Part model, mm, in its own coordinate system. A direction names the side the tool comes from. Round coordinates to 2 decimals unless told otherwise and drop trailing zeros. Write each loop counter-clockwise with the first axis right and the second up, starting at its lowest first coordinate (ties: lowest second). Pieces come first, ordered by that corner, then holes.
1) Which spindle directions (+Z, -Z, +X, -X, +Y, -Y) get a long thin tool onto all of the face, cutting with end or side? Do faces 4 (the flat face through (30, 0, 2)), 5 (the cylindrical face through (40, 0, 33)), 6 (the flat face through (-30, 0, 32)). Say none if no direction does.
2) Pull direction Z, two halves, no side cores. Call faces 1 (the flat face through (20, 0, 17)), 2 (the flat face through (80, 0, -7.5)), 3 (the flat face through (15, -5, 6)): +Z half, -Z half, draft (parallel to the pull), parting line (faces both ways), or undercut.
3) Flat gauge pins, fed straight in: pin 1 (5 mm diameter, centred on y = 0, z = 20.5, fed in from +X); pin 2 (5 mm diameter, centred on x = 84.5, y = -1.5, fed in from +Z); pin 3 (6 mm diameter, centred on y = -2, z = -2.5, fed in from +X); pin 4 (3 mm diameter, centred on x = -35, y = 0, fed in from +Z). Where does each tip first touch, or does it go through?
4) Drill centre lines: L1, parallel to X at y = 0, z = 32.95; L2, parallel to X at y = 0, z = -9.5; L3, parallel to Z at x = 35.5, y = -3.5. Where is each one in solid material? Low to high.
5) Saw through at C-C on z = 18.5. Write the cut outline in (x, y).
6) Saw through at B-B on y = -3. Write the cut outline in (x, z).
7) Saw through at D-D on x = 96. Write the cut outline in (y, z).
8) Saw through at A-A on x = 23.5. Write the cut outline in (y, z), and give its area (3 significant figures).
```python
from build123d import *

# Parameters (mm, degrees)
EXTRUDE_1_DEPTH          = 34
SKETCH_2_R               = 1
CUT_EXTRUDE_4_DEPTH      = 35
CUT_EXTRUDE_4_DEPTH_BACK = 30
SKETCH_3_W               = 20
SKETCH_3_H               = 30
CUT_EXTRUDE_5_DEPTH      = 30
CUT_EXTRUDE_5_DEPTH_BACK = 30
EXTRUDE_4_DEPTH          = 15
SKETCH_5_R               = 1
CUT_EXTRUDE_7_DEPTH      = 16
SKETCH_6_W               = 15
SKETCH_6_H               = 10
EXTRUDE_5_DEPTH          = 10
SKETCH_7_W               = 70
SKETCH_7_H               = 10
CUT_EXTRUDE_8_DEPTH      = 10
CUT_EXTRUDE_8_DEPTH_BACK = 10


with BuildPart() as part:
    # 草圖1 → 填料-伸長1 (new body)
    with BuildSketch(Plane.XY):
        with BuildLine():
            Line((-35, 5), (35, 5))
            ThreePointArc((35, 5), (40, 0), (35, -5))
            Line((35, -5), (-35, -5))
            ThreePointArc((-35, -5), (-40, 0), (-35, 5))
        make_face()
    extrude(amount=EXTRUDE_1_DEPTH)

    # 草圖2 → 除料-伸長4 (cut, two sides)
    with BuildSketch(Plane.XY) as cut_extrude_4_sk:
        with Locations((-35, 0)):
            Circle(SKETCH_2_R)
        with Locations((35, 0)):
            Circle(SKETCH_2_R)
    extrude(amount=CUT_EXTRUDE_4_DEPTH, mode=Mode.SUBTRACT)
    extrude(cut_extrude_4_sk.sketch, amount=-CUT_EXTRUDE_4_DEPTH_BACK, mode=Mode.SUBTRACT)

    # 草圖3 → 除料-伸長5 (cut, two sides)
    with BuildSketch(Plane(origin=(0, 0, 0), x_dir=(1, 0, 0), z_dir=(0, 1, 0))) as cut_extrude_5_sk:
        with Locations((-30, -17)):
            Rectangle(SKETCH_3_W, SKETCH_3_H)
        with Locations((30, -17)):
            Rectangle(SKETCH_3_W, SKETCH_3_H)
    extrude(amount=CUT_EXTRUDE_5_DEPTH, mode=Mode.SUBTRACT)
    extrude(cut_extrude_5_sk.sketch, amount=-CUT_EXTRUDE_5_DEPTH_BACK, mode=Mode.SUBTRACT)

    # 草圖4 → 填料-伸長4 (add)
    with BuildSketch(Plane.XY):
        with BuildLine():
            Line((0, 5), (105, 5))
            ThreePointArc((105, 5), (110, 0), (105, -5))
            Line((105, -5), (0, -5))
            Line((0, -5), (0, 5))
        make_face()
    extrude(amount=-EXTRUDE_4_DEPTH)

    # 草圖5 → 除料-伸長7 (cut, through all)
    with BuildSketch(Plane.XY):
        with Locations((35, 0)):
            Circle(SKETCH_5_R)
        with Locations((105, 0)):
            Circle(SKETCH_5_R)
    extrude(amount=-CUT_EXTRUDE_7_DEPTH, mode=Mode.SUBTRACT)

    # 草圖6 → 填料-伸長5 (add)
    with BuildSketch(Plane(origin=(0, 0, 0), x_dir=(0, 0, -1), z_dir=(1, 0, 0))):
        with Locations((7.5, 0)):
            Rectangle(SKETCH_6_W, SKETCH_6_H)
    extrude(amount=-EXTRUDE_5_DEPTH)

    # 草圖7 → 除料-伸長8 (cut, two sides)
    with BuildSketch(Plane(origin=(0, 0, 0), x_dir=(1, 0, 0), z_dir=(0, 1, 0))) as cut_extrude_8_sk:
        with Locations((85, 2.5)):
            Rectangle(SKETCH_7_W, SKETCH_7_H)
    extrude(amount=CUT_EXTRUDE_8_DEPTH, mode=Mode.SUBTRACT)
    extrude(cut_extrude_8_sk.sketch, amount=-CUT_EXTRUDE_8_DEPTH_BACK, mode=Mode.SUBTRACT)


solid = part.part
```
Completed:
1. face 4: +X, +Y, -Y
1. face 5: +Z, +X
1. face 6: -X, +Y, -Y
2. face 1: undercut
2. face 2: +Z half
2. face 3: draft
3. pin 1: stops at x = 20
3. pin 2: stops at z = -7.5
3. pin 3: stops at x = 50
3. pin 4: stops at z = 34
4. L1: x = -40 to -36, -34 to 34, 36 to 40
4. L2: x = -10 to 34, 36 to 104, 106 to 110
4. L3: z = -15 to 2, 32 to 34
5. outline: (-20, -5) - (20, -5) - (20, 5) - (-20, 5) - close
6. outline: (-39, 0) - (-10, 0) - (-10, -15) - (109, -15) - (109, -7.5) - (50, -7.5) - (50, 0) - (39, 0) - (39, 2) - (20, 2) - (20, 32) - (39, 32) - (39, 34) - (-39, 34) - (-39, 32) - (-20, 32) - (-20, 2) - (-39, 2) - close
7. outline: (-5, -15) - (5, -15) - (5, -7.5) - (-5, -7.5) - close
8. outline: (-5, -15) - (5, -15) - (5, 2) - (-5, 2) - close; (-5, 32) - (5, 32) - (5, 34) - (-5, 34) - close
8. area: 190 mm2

■ ■ ■

• _EXERCISE AIM_: What lines of the data include the word "ThreePointArc"? Copy each of them.

• _RESULT OF THE TASK_:
            ThreePointArc((35, 5), (40, 0), (35, -5))
            ThreePointArc((-35, -5), (-40, 0), (-35, 5))
            ThreePointArc((105, 5), (110, 0), (105, -5))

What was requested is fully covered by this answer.